Cancer Genetic Network Inference Using Gaussian Graphical Models

Abstract

The Cancer Genome Atlas (TCGA) provides a rich resource that can be used to understand how genes interact in cancer cells and has collected RNA-Seq gene expression data for many types of human cancer. However, mining the data to uncover the hidden gene-interaction patterns remains a challenge. Gaussian graphical model (GGM) is often used to learn genetic networks because it defines an undirected graphical structure, revealing the conditional dependences of genes. In this study, we focus on inferring gene interactions in 15 specific types of human cancer using RNA-Seq expression data and GGM with graphical lasso. We take advantage of the corresponding Kyoto Encyclopedia of Genes and Genomes pathway maps to define the subsets of related genes. RNA-Seq expression levels of the subsets of genes in solid cancerous tumor and normal tissues were extracted from TCGA. The gene expression data sets were cleaned and formatted, and the genetic network corresponding to each cancer type was then inferred using GGM with graphical lasso. The inferred networks reveal stable conditional dependences among the genes at the expression level and confirm the essential roles played by the genes that encode proteins involved in the two key signaling pathway phosphoinositide 3-kinase (PI3K)/AKT/mTOR and Ras/Raf/MEK/ERK in human carcinogenesis. These stable dependences elucidate the expression level interactions among the genes that are implicated in many different human cancers. The inferred genetic networks were examined to further identify and characterize a collection of gene interactions that are unique to cancer. The cross-cancer genetic interactions revealed from our study provide another set of knowledge for cancer biologists to propose strong hypotheses, so further biological investigations can be conducted effectively.

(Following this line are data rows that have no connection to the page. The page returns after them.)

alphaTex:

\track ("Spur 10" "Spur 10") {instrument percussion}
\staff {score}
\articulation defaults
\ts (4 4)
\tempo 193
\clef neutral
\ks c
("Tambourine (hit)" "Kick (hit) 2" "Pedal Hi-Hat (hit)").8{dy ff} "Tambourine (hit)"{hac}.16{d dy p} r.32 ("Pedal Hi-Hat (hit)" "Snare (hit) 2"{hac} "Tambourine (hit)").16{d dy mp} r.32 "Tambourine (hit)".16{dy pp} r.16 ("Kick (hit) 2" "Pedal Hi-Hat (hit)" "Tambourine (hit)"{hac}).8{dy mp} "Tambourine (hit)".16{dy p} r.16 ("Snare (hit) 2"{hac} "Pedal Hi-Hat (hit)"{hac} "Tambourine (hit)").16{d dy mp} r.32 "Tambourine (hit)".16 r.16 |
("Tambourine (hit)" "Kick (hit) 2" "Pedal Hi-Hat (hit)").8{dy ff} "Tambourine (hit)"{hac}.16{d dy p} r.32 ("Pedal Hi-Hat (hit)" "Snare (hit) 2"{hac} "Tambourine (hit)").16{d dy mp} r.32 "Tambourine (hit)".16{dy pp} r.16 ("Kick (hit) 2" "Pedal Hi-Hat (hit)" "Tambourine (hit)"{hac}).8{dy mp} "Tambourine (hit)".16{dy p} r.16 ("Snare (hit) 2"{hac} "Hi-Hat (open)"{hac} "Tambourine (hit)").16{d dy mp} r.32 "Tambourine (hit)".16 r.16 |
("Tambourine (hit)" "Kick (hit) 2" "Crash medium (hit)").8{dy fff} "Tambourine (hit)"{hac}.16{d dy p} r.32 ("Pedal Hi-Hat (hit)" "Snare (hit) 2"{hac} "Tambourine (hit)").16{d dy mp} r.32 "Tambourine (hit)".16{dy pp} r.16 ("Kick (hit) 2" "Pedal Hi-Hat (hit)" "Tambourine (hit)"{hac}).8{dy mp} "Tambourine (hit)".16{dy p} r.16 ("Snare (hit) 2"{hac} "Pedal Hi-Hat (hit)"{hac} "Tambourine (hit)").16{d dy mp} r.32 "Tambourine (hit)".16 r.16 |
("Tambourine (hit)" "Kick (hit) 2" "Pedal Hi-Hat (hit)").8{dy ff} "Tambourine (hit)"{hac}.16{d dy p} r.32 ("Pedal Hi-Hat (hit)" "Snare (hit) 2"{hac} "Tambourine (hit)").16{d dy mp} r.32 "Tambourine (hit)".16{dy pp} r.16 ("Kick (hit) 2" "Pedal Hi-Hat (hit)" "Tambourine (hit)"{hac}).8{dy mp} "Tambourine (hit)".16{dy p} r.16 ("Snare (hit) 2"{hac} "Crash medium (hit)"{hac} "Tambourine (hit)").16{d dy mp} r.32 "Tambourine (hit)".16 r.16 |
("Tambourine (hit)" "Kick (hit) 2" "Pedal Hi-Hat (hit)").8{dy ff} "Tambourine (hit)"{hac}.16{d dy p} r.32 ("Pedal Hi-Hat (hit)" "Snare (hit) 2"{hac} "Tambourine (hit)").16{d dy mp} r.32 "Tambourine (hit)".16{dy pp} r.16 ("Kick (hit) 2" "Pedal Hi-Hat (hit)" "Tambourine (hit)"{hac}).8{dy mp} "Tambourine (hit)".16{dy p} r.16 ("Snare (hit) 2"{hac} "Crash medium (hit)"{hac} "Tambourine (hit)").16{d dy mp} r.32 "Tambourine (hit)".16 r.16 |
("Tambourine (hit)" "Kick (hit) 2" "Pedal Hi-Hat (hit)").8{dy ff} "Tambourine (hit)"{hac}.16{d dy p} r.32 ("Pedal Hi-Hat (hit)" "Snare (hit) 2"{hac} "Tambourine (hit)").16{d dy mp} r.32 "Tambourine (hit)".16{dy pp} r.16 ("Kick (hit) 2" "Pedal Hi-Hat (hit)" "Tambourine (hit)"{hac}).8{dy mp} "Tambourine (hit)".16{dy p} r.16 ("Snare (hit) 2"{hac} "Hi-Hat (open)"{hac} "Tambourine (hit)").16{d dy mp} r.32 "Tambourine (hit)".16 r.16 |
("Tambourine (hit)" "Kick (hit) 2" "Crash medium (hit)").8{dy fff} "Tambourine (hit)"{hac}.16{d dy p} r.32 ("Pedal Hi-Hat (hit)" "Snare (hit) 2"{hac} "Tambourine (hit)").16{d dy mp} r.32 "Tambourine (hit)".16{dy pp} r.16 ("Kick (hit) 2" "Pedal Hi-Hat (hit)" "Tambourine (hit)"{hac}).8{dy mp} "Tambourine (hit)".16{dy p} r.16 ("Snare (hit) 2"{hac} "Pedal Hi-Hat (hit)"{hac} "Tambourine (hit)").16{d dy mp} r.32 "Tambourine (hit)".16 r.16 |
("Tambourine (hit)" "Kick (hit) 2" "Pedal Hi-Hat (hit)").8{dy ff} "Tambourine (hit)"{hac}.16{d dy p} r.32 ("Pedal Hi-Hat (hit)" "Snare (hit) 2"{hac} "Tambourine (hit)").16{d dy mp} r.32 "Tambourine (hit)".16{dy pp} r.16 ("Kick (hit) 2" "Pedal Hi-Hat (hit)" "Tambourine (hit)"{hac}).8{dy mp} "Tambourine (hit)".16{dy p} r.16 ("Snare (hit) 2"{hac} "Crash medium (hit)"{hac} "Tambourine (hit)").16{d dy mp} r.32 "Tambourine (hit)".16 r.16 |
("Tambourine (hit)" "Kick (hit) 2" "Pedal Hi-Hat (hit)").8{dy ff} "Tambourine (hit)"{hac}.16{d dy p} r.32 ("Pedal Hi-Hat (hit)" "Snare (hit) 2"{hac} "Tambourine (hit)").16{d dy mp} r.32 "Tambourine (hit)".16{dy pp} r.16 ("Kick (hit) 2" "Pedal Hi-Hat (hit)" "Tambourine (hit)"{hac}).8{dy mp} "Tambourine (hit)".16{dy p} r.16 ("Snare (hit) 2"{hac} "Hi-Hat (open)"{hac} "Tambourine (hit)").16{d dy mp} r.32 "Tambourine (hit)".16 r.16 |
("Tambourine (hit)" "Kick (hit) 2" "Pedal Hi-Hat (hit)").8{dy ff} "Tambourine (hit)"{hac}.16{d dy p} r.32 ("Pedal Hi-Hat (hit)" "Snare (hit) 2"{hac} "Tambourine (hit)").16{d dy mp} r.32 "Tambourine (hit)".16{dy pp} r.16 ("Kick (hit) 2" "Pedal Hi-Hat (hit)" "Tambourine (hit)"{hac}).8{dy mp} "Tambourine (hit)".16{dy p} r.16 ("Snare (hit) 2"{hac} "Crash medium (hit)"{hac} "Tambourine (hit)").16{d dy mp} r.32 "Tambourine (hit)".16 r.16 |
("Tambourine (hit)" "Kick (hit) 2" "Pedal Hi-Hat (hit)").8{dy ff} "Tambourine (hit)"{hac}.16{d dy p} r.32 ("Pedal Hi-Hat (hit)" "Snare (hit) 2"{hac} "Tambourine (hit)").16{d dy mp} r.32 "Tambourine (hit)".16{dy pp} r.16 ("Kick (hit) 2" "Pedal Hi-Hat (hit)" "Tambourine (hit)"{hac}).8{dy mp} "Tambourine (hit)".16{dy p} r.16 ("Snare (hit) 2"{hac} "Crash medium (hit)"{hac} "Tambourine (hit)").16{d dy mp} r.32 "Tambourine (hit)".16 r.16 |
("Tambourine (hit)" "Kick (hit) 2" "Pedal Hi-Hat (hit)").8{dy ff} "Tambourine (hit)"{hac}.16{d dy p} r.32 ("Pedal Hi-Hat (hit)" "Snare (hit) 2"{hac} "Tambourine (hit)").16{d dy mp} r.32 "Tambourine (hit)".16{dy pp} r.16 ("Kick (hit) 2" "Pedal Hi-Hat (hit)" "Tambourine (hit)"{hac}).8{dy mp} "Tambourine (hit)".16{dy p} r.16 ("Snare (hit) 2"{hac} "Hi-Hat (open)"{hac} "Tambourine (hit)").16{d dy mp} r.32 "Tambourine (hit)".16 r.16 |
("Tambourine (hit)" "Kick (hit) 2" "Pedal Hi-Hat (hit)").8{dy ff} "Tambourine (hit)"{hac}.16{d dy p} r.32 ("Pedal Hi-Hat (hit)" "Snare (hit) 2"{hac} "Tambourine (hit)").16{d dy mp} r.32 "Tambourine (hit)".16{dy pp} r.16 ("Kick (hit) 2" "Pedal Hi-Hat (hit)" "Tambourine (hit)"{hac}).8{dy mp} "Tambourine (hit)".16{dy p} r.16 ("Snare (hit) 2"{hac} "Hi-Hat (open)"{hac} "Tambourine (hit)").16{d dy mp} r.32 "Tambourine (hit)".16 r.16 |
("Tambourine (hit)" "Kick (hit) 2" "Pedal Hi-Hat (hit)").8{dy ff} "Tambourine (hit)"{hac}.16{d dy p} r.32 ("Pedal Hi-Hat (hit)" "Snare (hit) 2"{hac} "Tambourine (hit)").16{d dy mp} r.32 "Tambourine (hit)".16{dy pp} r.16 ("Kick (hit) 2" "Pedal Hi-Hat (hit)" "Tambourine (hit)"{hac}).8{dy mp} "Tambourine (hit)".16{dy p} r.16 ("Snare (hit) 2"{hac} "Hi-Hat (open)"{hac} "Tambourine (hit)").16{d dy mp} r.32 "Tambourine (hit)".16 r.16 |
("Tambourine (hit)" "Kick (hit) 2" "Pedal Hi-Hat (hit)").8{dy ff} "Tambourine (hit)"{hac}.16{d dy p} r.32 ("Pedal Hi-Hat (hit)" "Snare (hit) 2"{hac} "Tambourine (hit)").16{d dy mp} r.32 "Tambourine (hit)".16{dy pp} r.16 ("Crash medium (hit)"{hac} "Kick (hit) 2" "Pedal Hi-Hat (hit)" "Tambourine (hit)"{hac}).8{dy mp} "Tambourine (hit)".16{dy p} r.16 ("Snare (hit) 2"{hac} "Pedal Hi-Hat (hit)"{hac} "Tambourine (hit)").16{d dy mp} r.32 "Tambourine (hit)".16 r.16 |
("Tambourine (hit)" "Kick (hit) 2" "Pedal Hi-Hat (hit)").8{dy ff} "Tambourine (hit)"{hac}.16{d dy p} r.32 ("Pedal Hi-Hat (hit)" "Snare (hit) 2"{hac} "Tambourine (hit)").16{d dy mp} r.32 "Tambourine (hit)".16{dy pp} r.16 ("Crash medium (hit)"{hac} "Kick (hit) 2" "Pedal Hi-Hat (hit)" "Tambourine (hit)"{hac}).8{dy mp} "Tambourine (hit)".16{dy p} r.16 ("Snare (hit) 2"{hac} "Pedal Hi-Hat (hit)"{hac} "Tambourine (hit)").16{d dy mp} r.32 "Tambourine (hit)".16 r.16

Keywords: Computational biology; machine learning; network meta-analysis.

Figure 1.

Pipeline of inferring gene-interaction networks.

Figure 2.

A network of cross-cancer gene interactions that are unique to the inferred cancer networks. A node in the network represents a gene, and an edge indicates the conditional dependence of the two incident genes. The conditional dependence depicts the interaction of the genes at the expression level. The thickness of an edge represents the degree of consensus of the interaction among the cancer networks. The edges in this network are shared by at least five cancer networks but absent in all normal networks.

Figure 3.

The map of consensus gene interactions that are appeared in at least 5 of the 15 cancer networks but not present in any normal network. This map depicts a portion of the precision matrices, indicating the conditional dependence between a pair of genes in a specific cancer. The higher the value in the map is, the stronger the conditional dependence (interaction) of the pair of genes.

Figure 4.

A network of cross-cancer interactions that are mostly unique to the inferred cancer networks. A node in the network represents a gene and an edge indicates the conditional dependence of the two incident genes. The conditional dependence depicts the interaction of the genes at the expression level. The thickness of an edge represent the degree of consensus of the interaction among the cancer networks. Edges in this network represent the interactions identified in at least five cancer networks but also appeared in one normal network.

Figure 5.

The map of consensus gene interactions that are appeared in at least 5 of the 15 cancer networks; these interactions are also present in one normal network. The higher the value in the map is, the stronger the conditional dependence (interaction) of the pair of genes. A black square denotes the interaction is also appeared in the normal network of the corresponding organ.

Figure 6.

A network of strong cross-cancer interactions. A node in the network represents a gene and an edge indicates the conditional dependence of the two incident genes. The conditional dependence depicts the interaction of the genes at the expression level. The thickness of an edge represents the degree of consensus of the interaction among the cancer networks. Edges in this network represent the interactions identified in at least five cancer networks, and they are either absent in any normal network or appear in just one normal network.